Lawrence Summers. (photo: Getty Images)
Say what you will, the combative Harvard economist Larry Summers is a brilliant apostle of John Maynard Keynes and a strong advocate of using government spending to stimulate faltering economies and create jobs. He also understands -- and has shown mathematically with Berkeley economist Brad deLong -- why inflation does not become a threat in a severely depressed economy.
But, for all his smarts, Larry Summers has one major crime on his rap sheet. He helped orchestrate the Clinton-era deregulation that ended up fueling the crash of 2008, killing economies, jobs, growth, and hope across the globe. President Obama should not name him to head the Federal Reserve, which would only encourage him to kill again.
Like it or not, the Fed remains Washington's most powerful regulator of the financial sector. As one of the most destructive deregulators of our time, Larry Summers is exactly the wrong fox to guard the henhouse. Close to Wall Street, for whose firms he sometimes works, Summers also profited personally from the deregulation, but he is far more dangerous than a hired killer. He believes in what he does.
This comes through clearly in an October 2009 Frontline documentary called "The Warning." It is available online, as are the transcript and full-length interviews, from which I've taken most of what follows.

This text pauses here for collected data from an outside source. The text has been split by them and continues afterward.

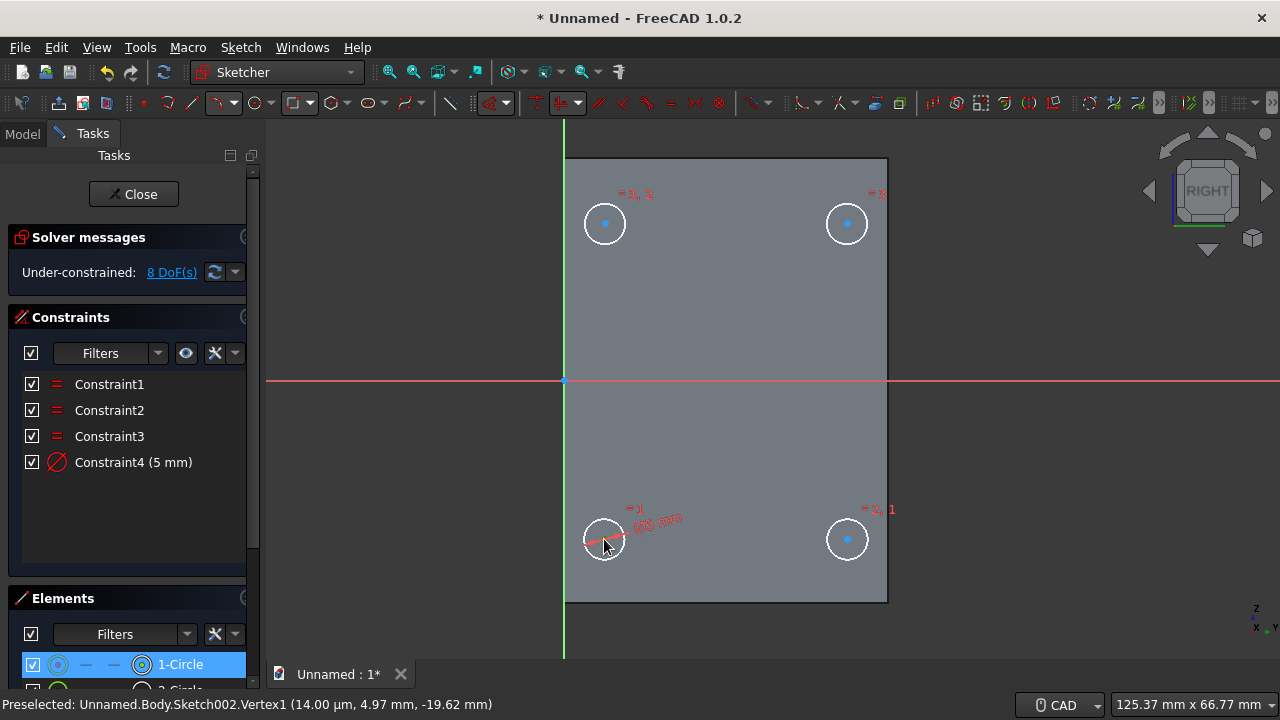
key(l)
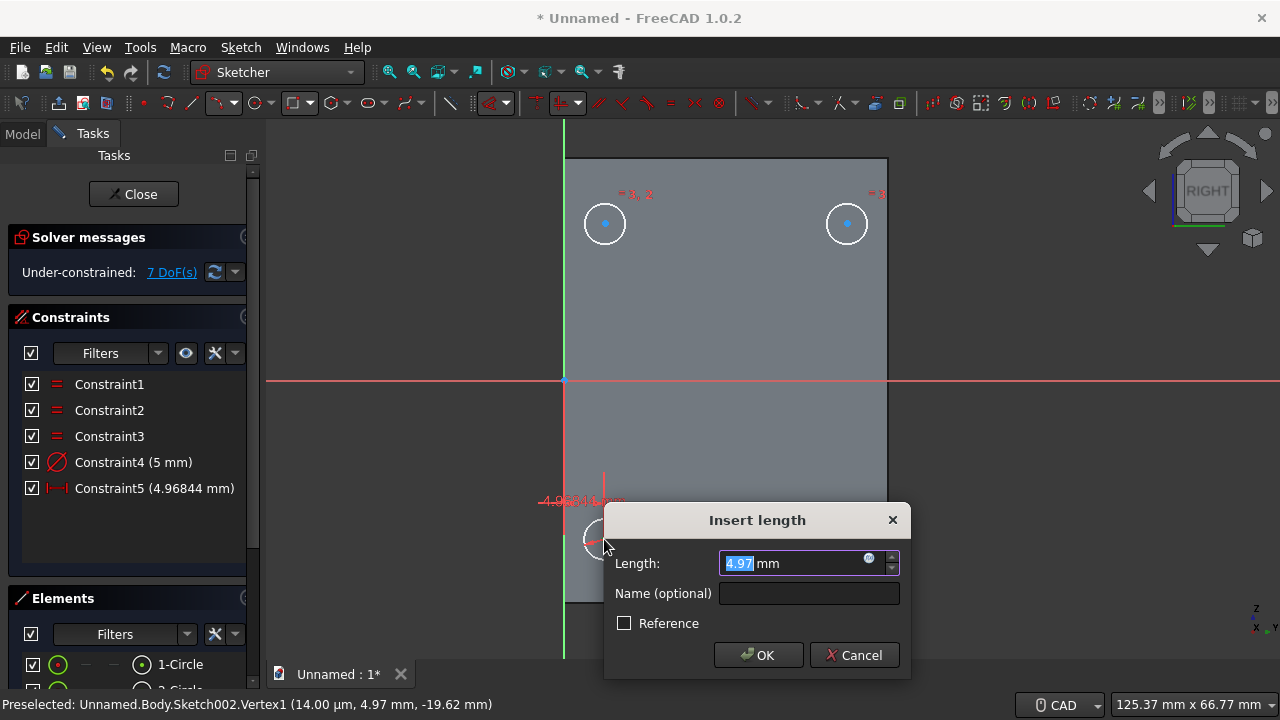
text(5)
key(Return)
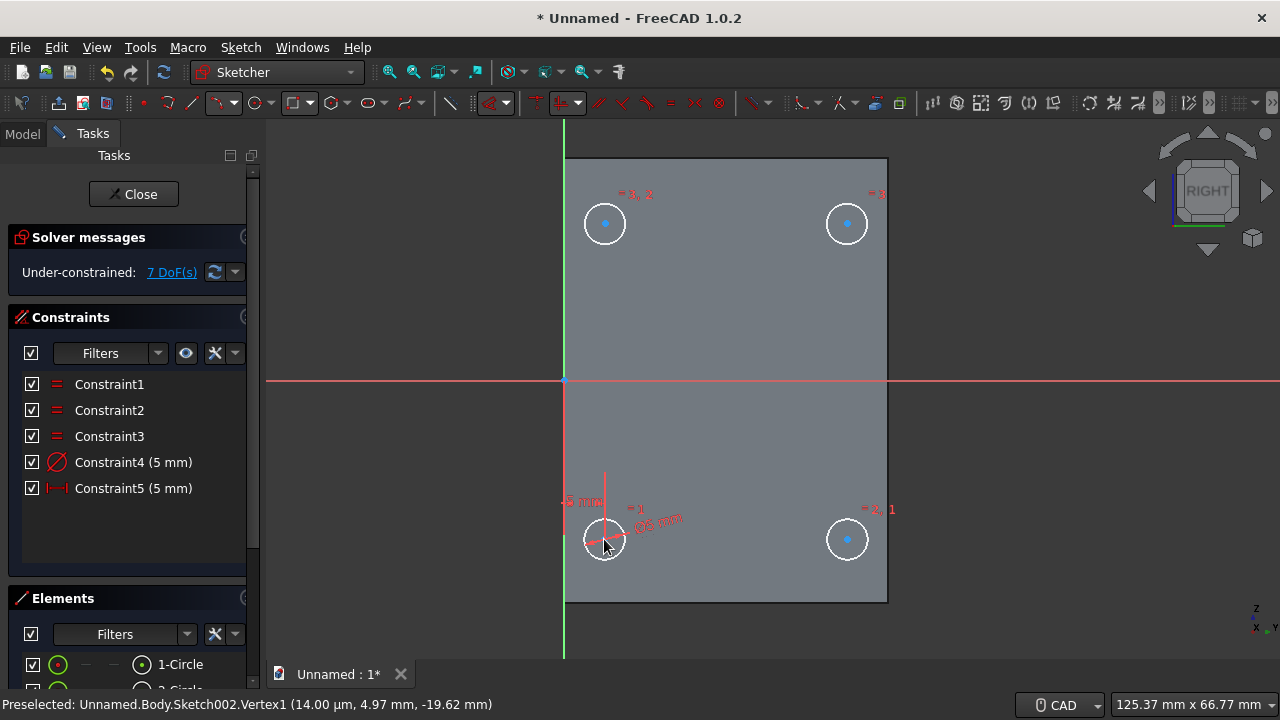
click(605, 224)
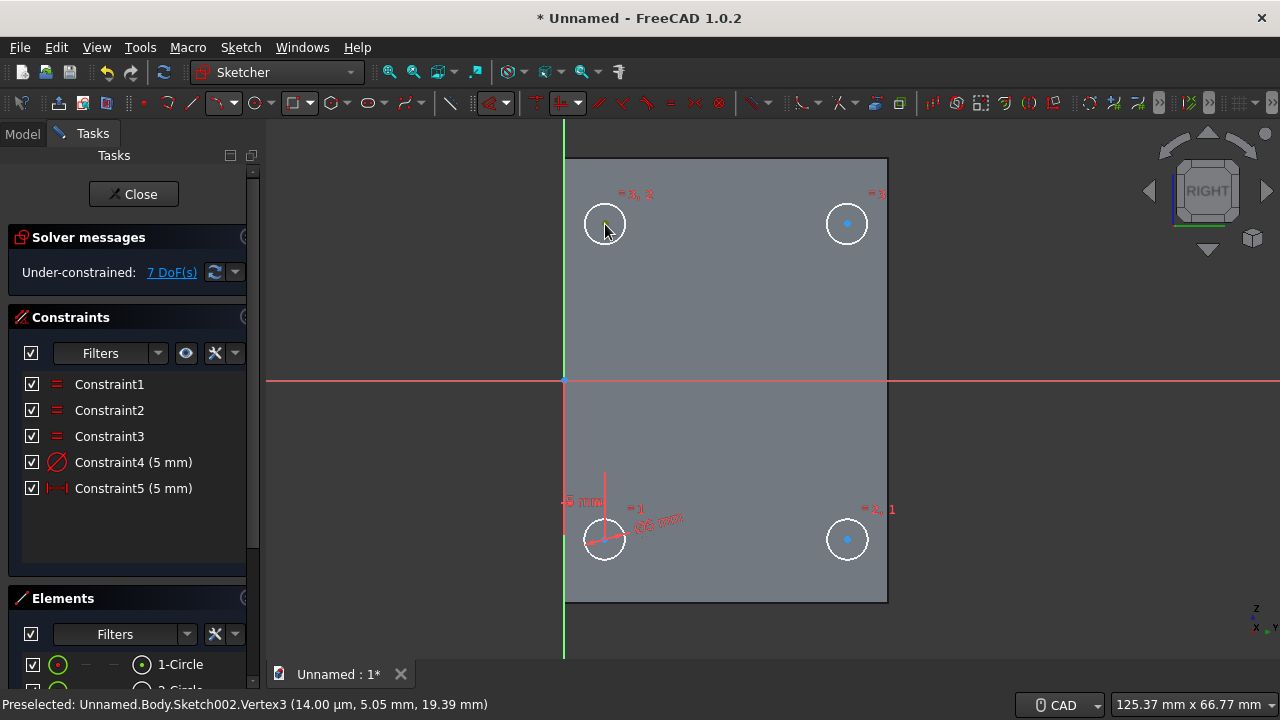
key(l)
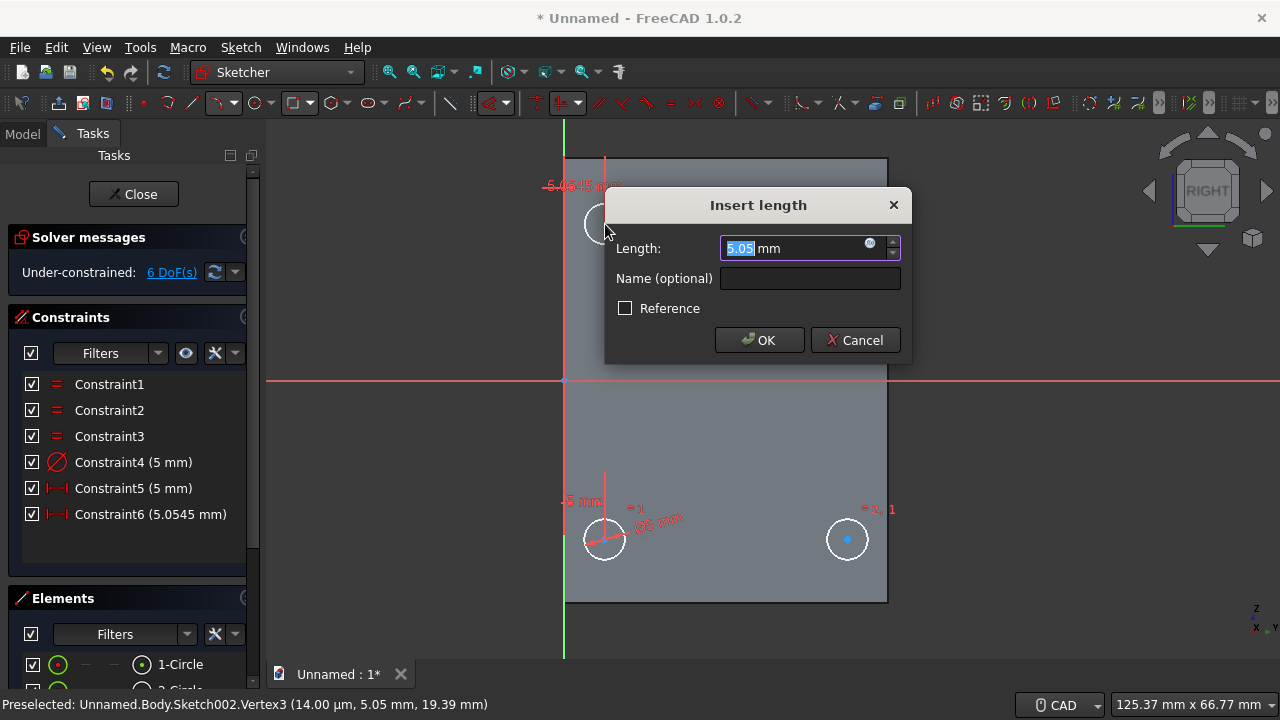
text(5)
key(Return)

"The Warning" takes us back to the Bill Clinton boom of the late 1990s and tells of a very personal clash over how best to manage America's rapidly expanding financial sector. Should we stick to the regulatory approach that had guided the American financial system with relative safety since the New Deal? Or should we let the "free market" -- or to be more precise, Wall Street -- regulate itself, even in the case of fraud?
Backing self-regulation stood Summers, who had become deputy secretary of the Treasury, along with two financial titans -- his mentor and former head of Goldman Sachs, Treasury Secretary Robert Rubin, and the long-time Fed chairman Alan Greenspan, a disciple of the uber-capitalist Ayn Rand and an ideologue with an almost mystical faith in free markets. Summers was the youngster on the team, and the mild-mannered Rubin used him as his chief enforcer.
Supporting at least a minimum of government regulation stood a very clever woman called Brooksley Born, a veteran securities lawyer whom Clinton named in 1996 to chair the little known Commodities Futures Trading Commission. CFTC regulated agricultural futures and oversaw complex "financial derivatives" like credit default swaps and collateral debt obligations, which derive their notional value from underlying indexes, securities, commodities, mortgages, and other items of worth. Banks and insurance companies sold them as tools to help governments and corporations manage and minimize risk, but they were little more than wagers on future outcomes.
Having practiced derivatives law for some 20 years, Born knew the field first-hand, and she grew increasingly worried as a regulator that the vast majority of derivatives traded in private over-the-counter (OTC) transactions beyond even the minimal regulatory supervision and transparency of recognized options and futures exchanges. As a result, the world was flying blind, since no one could know the true extent of risk to the global financial system, or how much individual banks, insurance companies, hedge funds, and sovereign wealth funds stood to lose.
Lack of transparency opened the door to outright fraud, as a scandal involving Bankers Trust showed at the time. As we subsequently learned, Enron went even further, using price-swap derivatives, credit derivatives, and accounting fraud to inflate asset values, hide billion-dollar losses, and keep soaring liabilities off the books in bogus reports to investors, creditors, and employees. Derivatives also greatly increased economic risk, and could, Born feared, drag down the entire financial system if anything went wrong.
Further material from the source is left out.